Shuttling among Tennessee, Georgia and Alabama (with temporary sojourns in Berkeley, New York, Seattle and Alaska), he refers to Outkast as the greatest group of all time. The Atlanta superstars have reciprocated the praise, with Big Boi enlisting the half-Cherokee, half-white rapper for the lone Andre 3000-produced track on his forthcoming “Sir Lucious Left Foot: The Son of Chico Dusty.”

But the outcast appellation also appropriately describes a chaotic upbringing plagued by drug abuse, an absentee father and a bartender mother. Attending 15 schools throughout elementary and high school, Yelawolf was exposed to rap when one of his mother’s friends brought him an early Run-DMC tape -- which he began to understand only in the fourth grade, when he was bused to school alongside kids from the Nashville projects who boasted similarly hardscrabble origins.

At the moment, things have settled somewhat. He’s the darling of the blogs, with his most recent mixtape, “Trunk Muzik,” winning universal acclaim and earning him a deal with Interscope Records, which presumably is already brainstorming ways to turn Yelawolf into the next Eminem. And thanks to his pyrotechnic double-timed raps and eye for narrative detail, the Slim Shady comparisons are certain to dog him for the immediate future. Yet Yelawolf’s rap roots bear a love of everything from cult heroes such Hieroglyphics and Twista, to Goodie Mob, to the dirty South devil waltz of Three 6 Mafia.

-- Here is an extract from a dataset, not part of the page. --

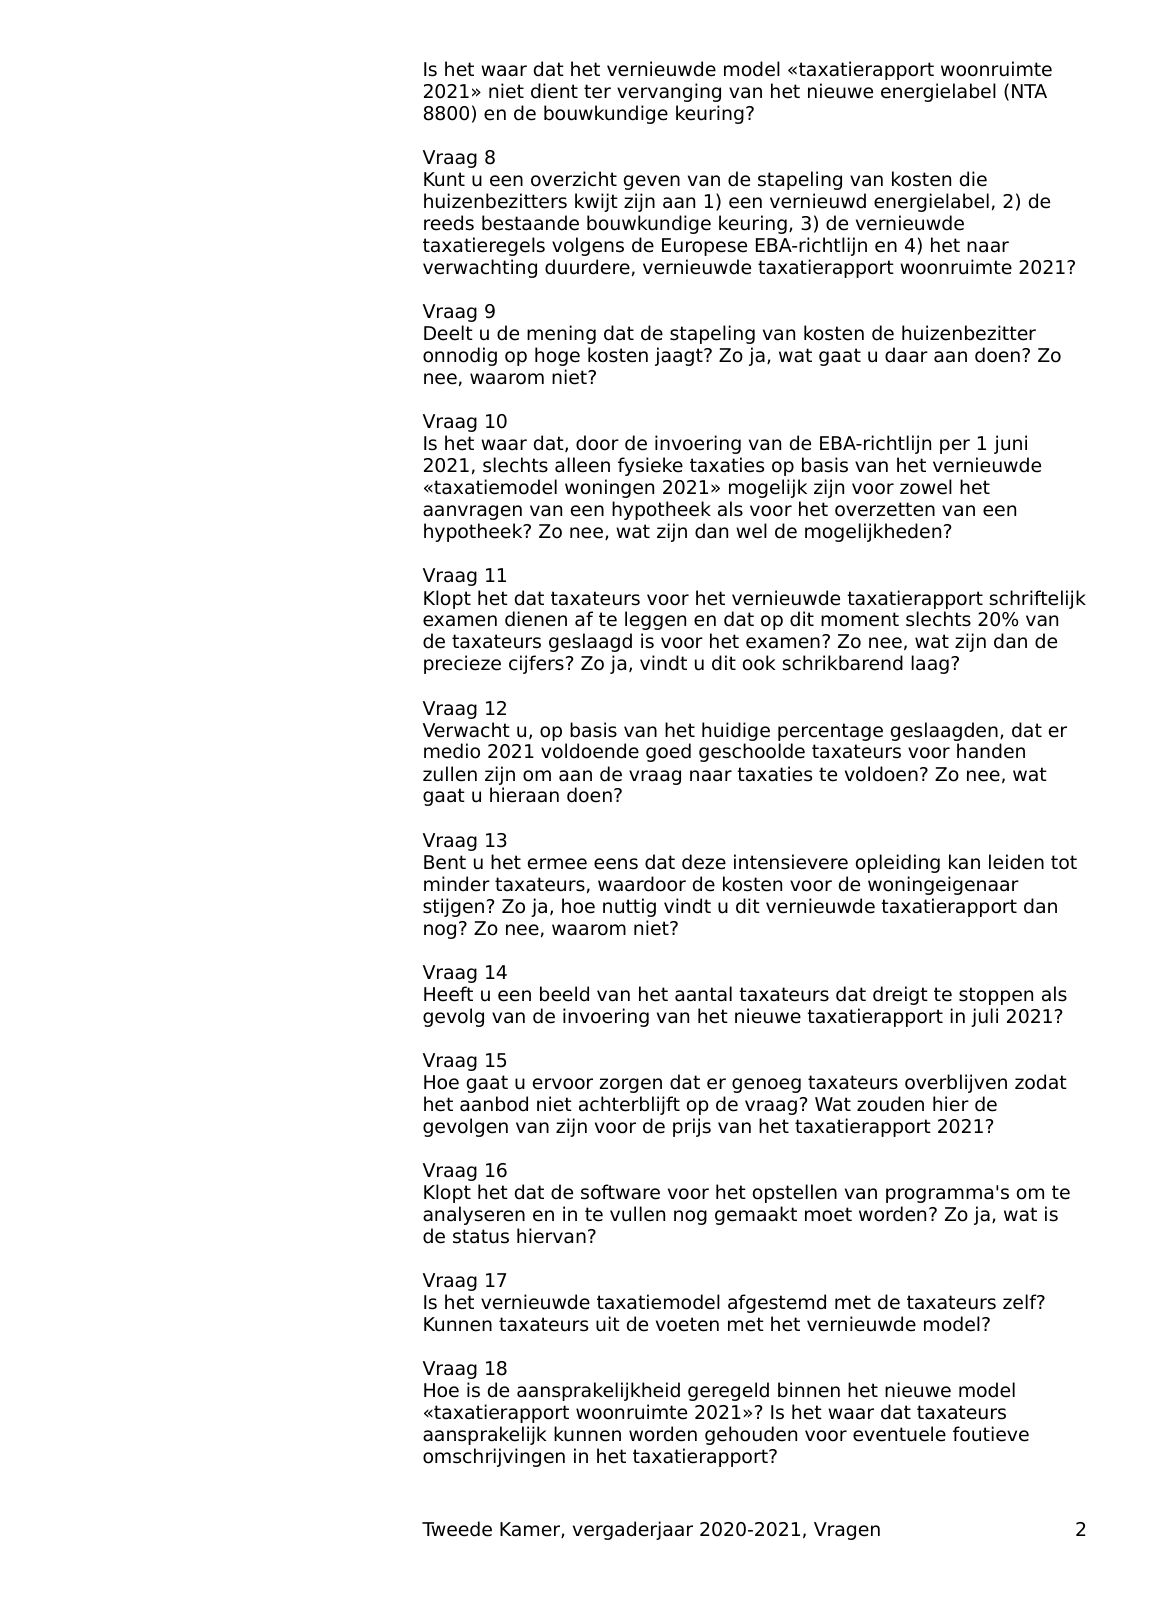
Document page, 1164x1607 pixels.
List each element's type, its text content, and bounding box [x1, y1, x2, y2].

Unafraid to sketch the redneck culture of meth labs, Monte Carlo’s and Mossbergs, the Motion Family-directed video for “Pop the Trunk” portrayed the backwoods exigencies of life in Gadsden with a grim and careful eye. Yet this represents only a fraction of Yelawolf’s sound, eliding his skateboard past, his love of West Coast underground rap and his classic-rock fixation (an earlier mixtape, “Stereo,” sampled Fleetwood Mac, Pink Floyd and the Doors). Signed to Columbia until a Rick Rubin reorganization foolishly jettisoned him back to the blog blob, Yelawolf is as safe a bet for stardom as anyone out right now — the rare rapper capable of earning respect from both Kid Rock and Kid Cudi fans. Provided he doesn’t get eaten by a crocodile first.

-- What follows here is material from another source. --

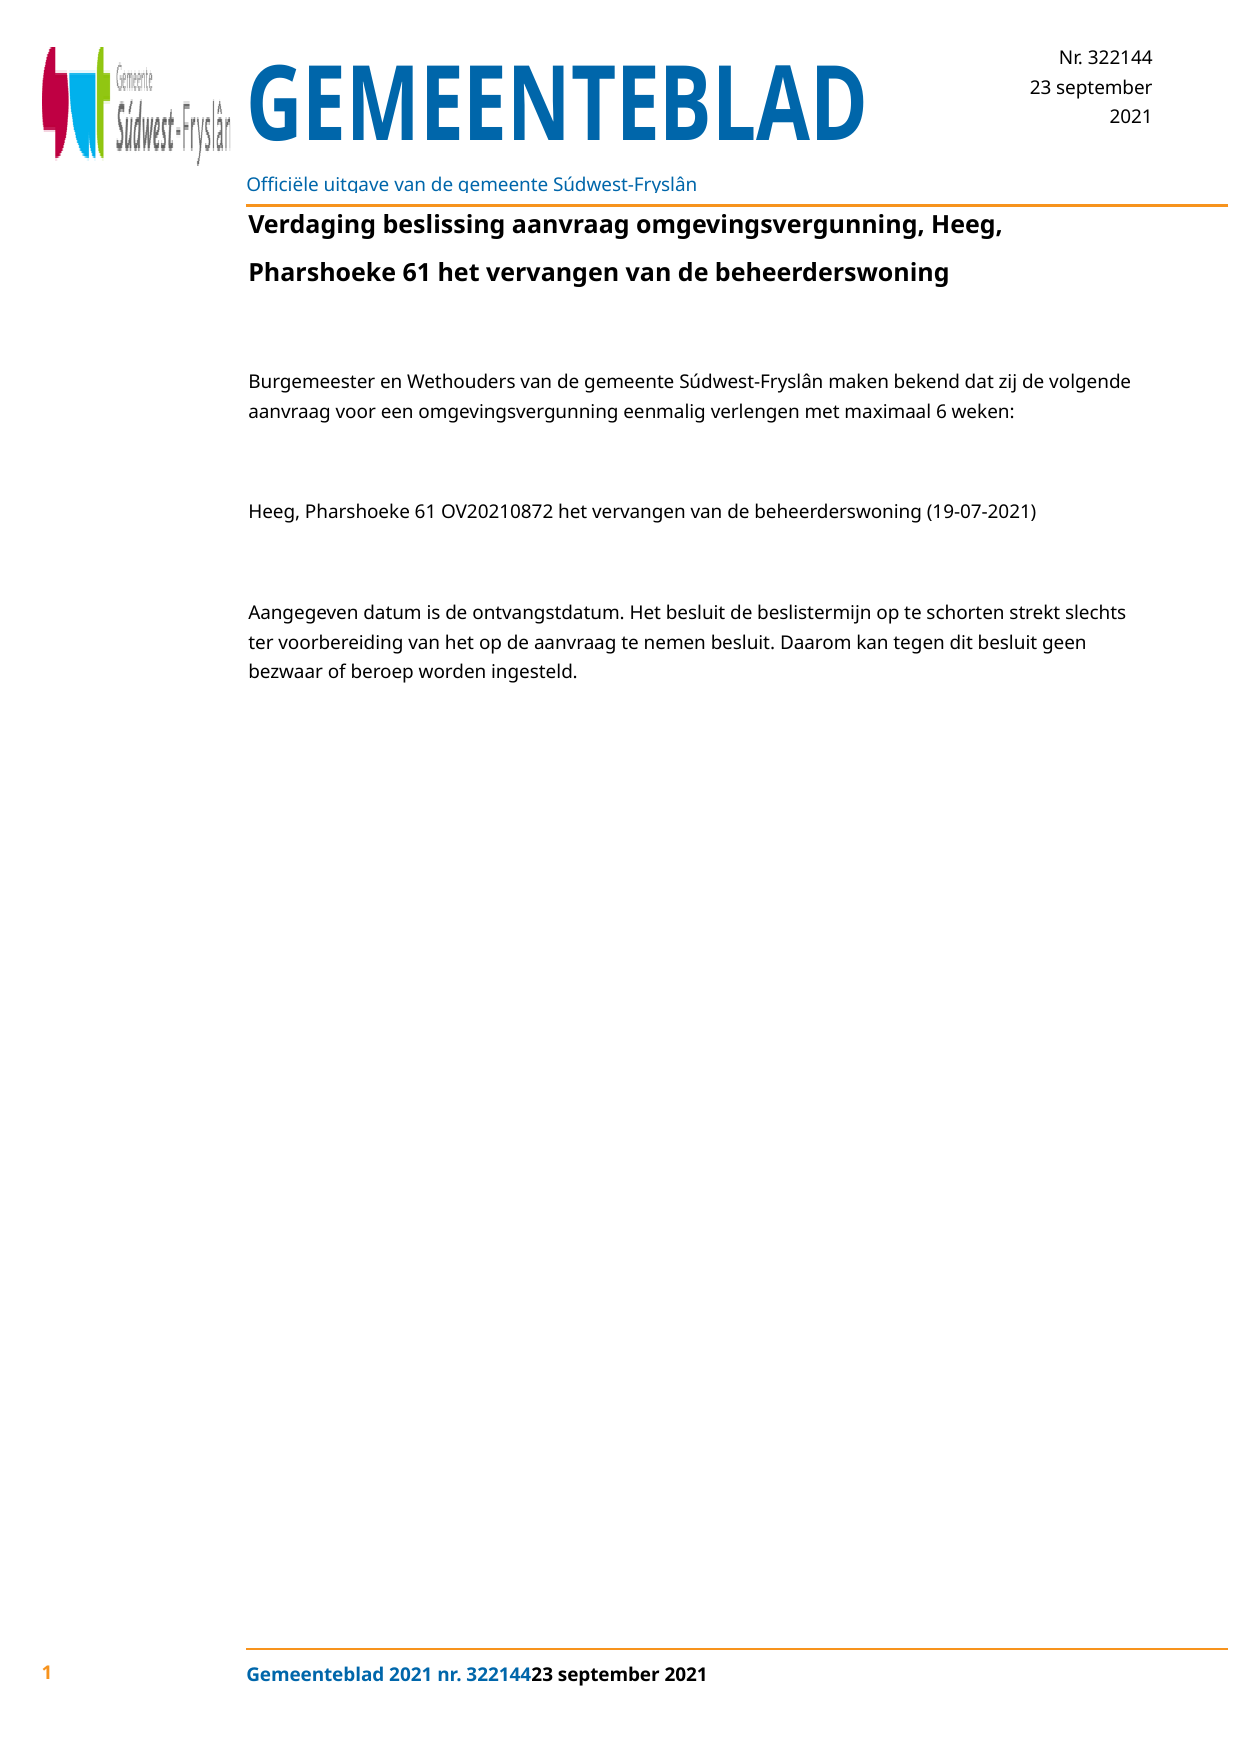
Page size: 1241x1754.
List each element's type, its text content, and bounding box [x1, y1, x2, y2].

Being a white rapper is always going to engender Eminem comparisons even if you are half Native American. Have those grown tedious yet or have you just tried to take them in stride?

I can't be mad at the comparisons because I'm still just getting my feet wet. I've got years to go before I establish a full concrete Yelawolf sound. Right now, I'm focused on saying what I have to say. I have to do Yelawolf right now and not worry about anything else. That said, I think it's a fair comparison. There haven't been many white artists in hip-hop, and there's only a handful that the average person knows about, so it is what it is.